The door hissed. A guard stepped in. Black uniform, boots that tried to be quiet. His gun smelled like recently cleaned metal and old oil. His fear smelled like overripe fruit. I didn't know how I knew that—only that my senses had rearranged themselves into a new instrument and my mind had learned how to play it overnight.

"Up," he said in German. "Inspections."

I understood him as if the words had been pre-installed. Around me, sixteen bodies moved in a choreography learned by hunger. The kid nearest the door—tall, shoulders like a locker, eyes too old—sat up without hurry. Another kid in the far corner kept his eyes closed a fraction longer than a blink because if he looked at the guard too long, he'd punch him. A girl with hair like burnished wire swung her legs out of bed and made a face at the cold. She radiated heat without burning. Every personality in the room had gravity.

I stood. The world did that very small taffy-stretch, like time had elastic you could see if you stared. I ignored it. Intelligence beyond Reed Richards, I thought, and immediately corrected myself. Intelligence beyond Reed is not a number; it's a method. Observe. Model. Test. Iterate. Survive.

We lined up against the wall. The guard's partner entered, ran a detector wand over each of us. The wand whined when it reached me, a mosquito-pitch that shifted through harmonics. The guard's eyes flicked to his partner. His partner didn't look back. They didn't like to signal worry in front of us. The second guard's jaw muscle twitched anyway.
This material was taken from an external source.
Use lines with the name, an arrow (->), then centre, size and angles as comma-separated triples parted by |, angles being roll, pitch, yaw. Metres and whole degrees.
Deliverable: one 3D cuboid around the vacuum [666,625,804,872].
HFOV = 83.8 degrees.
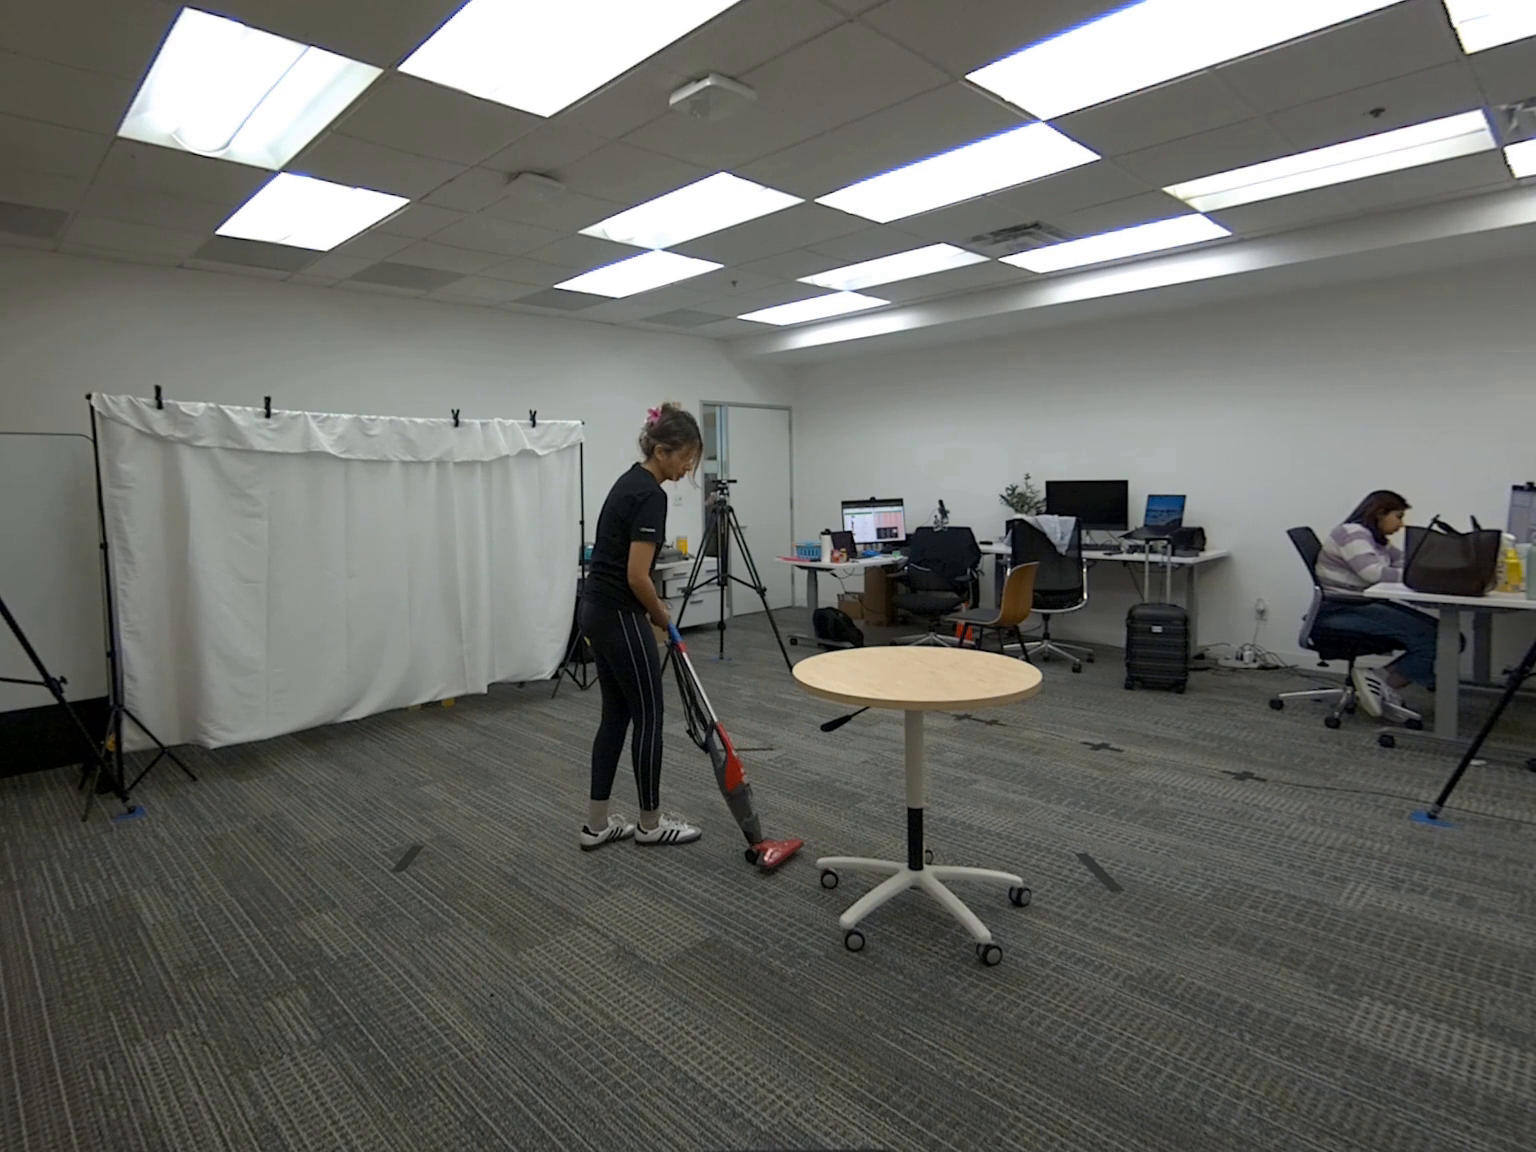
vacuum -> -0.212, 0.579, 3.270 | 0.145, 1.070, 0.246 | -35, -17, 23

He pointed at the door. "Breakfast."

We filed into the corridor. Concrete painted the color of old teeth. Cameras nested in corners like glassy spiders. I counted them without deciding to—seventeen in the main hall, two with dead LEDs, one running a loop. There was moisture in the air, not enough to make a bloom like mold but enough to let certain spores live in corners if a girl wanted to grow something there with a thought. I filed that away.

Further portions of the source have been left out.